MRCP2-2839
Sarah is a 42-year-old female presenting with a new fever. She works as a teacher and noted fevers up to 39.6ºC over the past 72 hours with a dry cough. She has also been struggling to manage her classroom due to the ongoing headache and worsening muscle aches that have accompanied the fever. The headache was significant but was not associated with any neck stiffness or photophobia.
Sarah does not note any other symptoms.
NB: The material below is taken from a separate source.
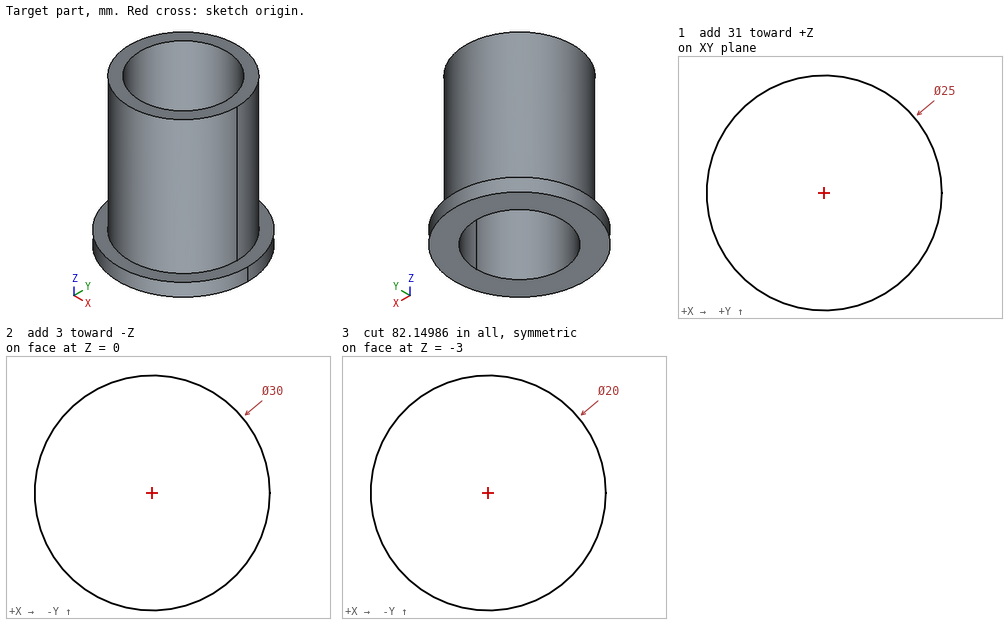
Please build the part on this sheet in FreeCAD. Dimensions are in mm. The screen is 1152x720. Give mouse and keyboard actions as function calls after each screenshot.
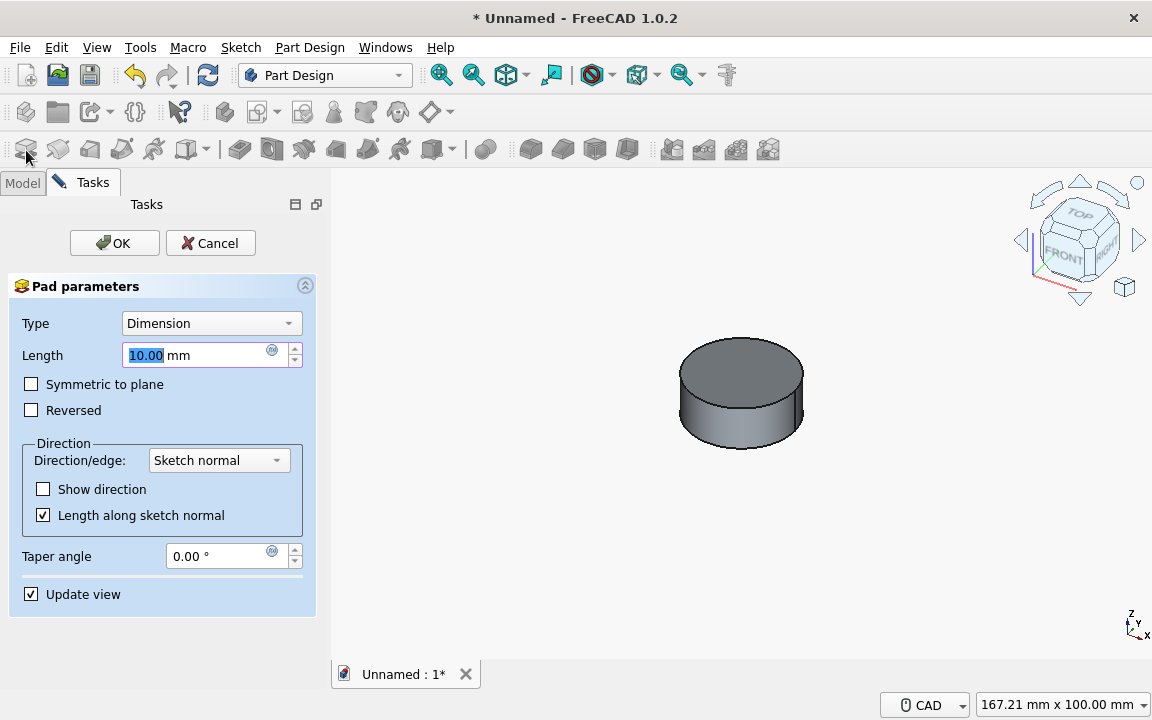
text(31)
key(Tab)
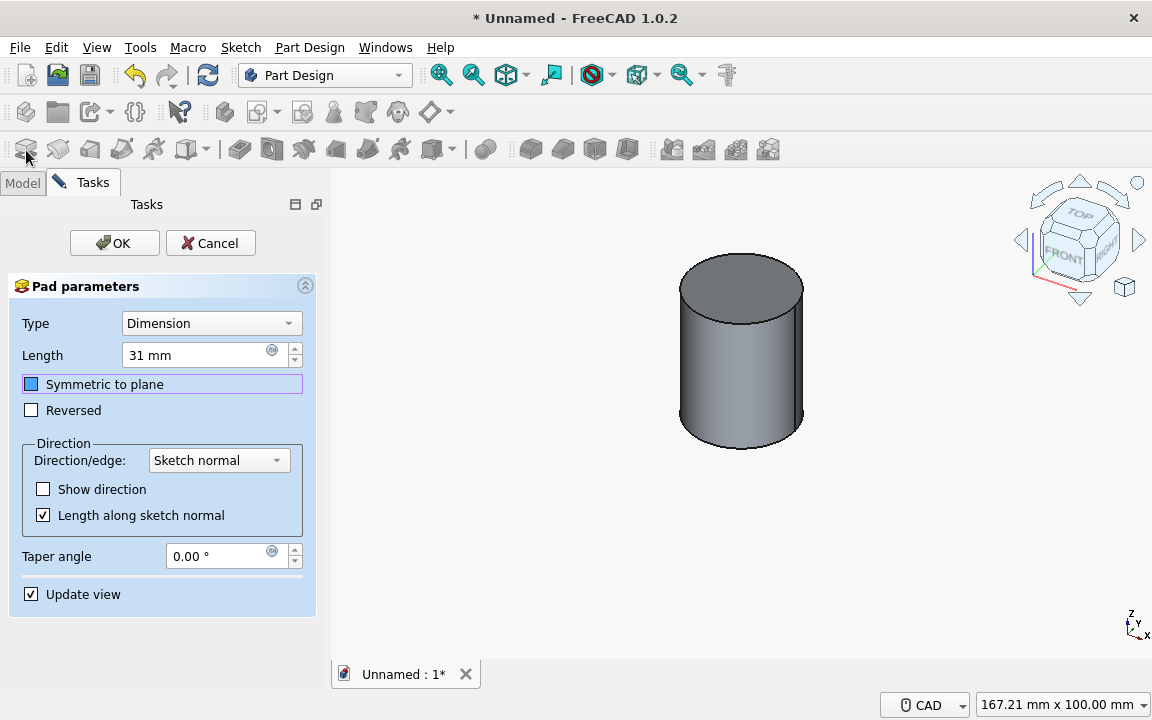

She has not been in contact with anyone unwell and she has not been travelling out of the country recently.
Physical examination was otherwise unremarkable with only mild crackles heard on auscultation on her chest. No insect bites were noted. No lymphadenopathy was palpable.
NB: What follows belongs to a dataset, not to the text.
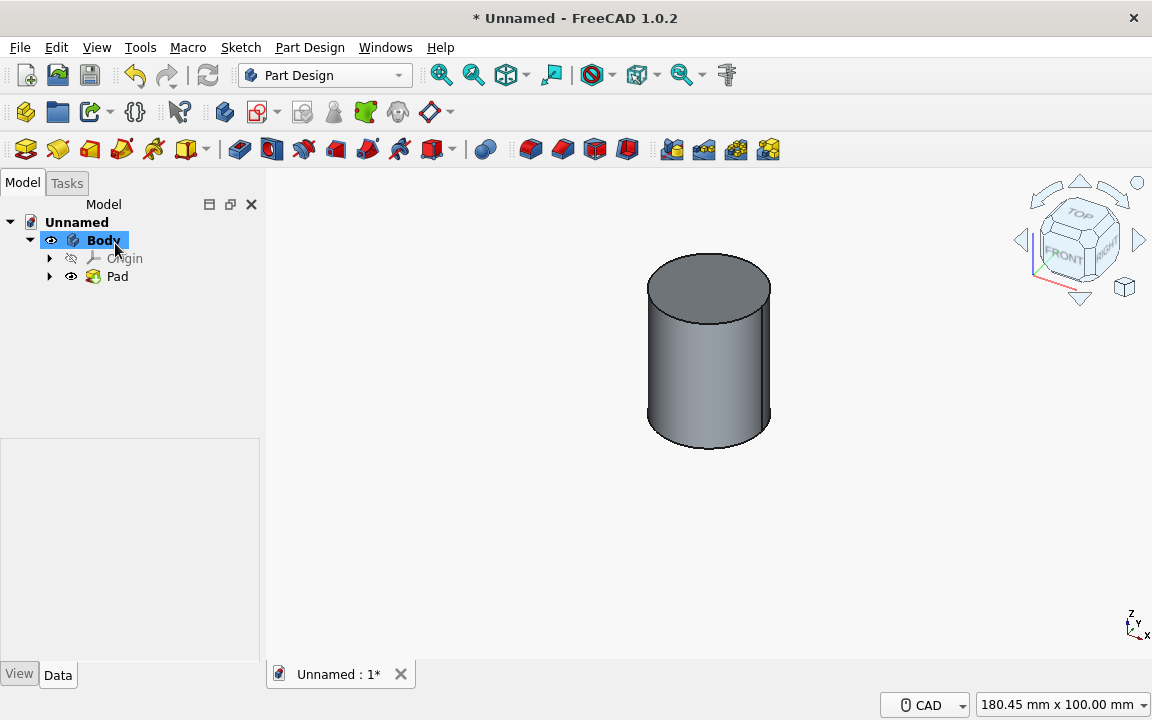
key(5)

Blood tests are as follow:
Hb 140 g/L Male: (135-180)
Female: (115 – 160)
Platelets 150 * 109/L (150 – 400)
WBC 7.0 * 109/L (4.0 – 11.0)
Na+ 142 mmol/L (135 – 145)
K+ 4.1 mmol/L (3.5 – 5.0)
Urea 5.5 mmol/L (2.0 – 7.0)
Creatinine 100 µmol/L (55 – 120)
Bilirubin 10 µmol/L (3 – 17)
ALP 80 u/L (30 – 100)
ALT 90 u/L (3 – 40)
AST 80 u/L (5-40)
Albumin 40 g/L (35 – 50)
What is the likely organism causing the likely diagnosis?